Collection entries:
::::

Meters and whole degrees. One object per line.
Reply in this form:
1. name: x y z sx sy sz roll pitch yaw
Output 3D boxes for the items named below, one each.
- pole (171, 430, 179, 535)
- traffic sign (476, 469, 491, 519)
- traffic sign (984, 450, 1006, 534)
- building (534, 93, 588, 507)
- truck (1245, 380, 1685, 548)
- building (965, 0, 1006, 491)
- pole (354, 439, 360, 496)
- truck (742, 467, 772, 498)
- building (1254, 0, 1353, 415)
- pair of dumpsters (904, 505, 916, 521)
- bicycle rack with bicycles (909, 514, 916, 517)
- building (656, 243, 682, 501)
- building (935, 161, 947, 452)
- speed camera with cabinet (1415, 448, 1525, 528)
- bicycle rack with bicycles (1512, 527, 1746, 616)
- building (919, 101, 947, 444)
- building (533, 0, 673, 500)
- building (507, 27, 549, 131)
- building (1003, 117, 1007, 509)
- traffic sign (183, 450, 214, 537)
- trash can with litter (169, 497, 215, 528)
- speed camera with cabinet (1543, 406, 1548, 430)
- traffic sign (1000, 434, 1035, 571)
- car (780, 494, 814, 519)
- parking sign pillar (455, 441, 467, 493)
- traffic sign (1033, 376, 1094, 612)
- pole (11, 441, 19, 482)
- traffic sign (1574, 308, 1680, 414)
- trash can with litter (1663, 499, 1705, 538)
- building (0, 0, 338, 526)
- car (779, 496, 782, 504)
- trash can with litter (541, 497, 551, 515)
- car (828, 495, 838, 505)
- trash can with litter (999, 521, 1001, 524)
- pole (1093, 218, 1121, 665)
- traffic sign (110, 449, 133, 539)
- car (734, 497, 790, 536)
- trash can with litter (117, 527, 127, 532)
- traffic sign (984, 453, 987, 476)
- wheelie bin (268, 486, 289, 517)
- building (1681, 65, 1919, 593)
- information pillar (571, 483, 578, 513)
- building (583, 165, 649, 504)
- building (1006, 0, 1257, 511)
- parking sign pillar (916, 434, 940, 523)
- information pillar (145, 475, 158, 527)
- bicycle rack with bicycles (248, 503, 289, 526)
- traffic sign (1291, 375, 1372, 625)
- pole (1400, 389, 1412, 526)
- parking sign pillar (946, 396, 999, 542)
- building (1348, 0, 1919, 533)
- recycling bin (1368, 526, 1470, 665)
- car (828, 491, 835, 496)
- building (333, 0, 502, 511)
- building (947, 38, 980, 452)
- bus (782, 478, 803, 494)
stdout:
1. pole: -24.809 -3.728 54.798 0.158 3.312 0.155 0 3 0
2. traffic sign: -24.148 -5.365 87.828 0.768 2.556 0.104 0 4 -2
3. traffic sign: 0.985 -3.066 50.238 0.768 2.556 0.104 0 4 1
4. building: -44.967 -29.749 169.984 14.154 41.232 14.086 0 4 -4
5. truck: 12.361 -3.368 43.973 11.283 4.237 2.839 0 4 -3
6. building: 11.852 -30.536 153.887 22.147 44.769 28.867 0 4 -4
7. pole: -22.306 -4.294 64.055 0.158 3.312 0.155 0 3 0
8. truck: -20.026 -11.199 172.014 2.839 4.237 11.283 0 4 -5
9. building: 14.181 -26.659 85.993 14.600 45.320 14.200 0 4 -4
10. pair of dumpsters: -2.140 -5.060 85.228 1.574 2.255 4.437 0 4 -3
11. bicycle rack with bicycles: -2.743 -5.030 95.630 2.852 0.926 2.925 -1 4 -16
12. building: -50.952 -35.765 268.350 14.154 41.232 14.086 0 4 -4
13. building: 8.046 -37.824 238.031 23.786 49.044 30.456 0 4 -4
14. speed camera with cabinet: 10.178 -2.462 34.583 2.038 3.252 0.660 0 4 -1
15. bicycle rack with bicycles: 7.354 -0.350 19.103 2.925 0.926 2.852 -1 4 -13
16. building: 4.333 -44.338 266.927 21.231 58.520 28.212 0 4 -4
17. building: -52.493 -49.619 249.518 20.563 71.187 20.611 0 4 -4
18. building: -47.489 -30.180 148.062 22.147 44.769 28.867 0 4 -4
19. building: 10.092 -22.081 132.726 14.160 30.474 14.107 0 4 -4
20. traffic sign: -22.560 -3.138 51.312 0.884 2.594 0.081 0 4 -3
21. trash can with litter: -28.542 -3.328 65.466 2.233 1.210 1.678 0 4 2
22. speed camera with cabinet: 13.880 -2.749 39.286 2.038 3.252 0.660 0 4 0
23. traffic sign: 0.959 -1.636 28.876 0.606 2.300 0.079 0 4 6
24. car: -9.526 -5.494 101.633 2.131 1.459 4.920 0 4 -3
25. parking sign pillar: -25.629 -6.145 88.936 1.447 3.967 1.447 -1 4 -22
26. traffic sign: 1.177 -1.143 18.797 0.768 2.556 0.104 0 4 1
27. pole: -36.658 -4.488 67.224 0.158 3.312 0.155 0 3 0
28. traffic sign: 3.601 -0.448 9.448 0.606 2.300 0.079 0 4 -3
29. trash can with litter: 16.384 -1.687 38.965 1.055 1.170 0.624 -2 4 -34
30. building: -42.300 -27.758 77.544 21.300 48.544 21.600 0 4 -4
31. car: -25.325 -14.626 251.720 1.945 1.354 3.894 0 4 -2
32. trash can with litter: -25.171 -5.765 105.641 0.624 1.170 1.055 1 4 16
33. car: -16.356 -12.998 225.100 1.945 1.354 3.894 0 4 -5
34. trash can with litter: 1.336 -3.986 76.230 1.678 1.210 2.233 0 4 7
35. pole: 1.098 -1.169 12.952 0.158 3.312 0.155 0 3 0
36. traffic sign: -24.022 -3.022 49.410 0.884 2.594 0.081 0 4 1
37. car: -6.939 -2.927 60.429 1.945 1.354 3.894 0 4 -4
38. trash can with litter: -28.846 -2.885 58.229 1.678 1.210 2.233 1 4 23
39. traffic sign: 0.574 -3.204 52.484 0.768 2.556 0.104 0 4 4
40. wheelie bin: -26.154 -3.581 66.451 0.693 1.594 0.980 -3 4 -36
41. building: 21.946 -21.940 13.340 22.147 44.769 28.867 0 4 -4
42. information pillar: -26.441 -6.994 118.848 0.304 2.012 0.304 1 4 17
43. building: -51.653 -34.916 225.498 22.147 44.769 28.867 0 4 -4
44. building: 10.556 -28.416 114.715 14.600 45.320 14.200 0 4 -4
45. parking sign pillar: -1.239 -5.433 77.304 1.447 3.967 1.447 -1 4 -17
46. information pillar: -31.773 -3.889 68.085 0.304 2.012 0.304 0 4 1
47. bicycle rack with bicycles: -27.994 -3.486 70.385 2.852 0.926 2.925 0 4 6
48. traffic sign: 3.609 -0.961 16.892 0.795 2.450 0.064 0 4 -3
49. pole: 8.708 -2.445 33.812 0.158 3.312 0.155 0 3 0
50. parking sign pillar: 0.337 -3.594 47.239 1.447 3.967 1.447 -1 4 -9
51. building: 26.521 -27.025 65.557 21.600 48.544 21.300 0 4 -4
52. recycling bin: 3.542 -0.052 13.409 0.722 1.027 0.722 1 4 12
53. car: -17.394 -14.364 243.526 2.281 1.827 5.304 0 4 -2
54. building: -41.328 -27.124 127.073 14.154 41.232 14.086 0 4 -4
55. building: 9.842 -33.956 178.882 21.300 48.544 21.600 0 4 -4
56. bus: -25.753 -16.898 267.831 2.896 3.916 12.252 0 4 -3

::::

◆ **Requirement**:
Output all lines from the beginning of the data up to the line holding "- trash can with litter (117, 527, 127, 532)", that line included, exactly as written.

◆ **Response area**:
Meters and whole degrees. One object per line.
Reply in this form:
1. name: x y z sx sy sz roll pitch yaw
Output 3D boxes for the items named below, one each.
- pole (171, 430, 179, 535)
- traffic sign (476, 469, 491, 519)
- traffic sign (984, 450, 1006, 534)
- building (534, 93, 588, 507)
- truck (1245, 380, 1685, 548)
- building (965, 0, 1006, 491)
- pole (354, 439, 360, 496)
- truck (742, 467, 772, 498)
- building (1254, 0, 1353, 415)
- pair of dumpsters (904, 505, 916, 521)
- bicycle rack with bicycles (909, 514, 916, 517)
- building (656, 243, 682, 501)
- building (935, 161, 947, 452)
- speed camera with cabinet (1415, 448, 1525, 528)
- bicycle rack with bicycles (1512, 527, 1746, 616)
- building (919, 101, 947, 444)
- building (533, 0, 673, 500)
- building (507, 27, 549, 131)
- building (1003, 117, 1007, 509)
- traffic sign (183, 450, 214, 537)
- trash can with litter (169, 497, 215, 528)
- speed camera with cabinet (1543, 406, 1548, 430)
- traffic sign (1000, 434, 1035, 571)
- car (780, 494, 814, 519)
- parking sign pillar (455, 441, 467, 493)
- traffic sign (1033, 376, 1094, 612)
- pole (11, 441, 19, 482)
- traffic sign (1574, 308, 1680, 414)
- trash can with litter (1663, 499, 1705, 538)
- building (0, 0, 338, 526)
- car (779, 496, 782, 504)
- trash can with litter (541, 497, 551, 515)
- car (828, 495, 838, 505)
- trash can with litter (999, 521, 1001, 524)
- pole (1093, 218, 1121, 665)
- traffic sign (110, 449, 133, 539)
- car (734, 497, 790, 536)
- trash can with litter (117, 527, 127, 532)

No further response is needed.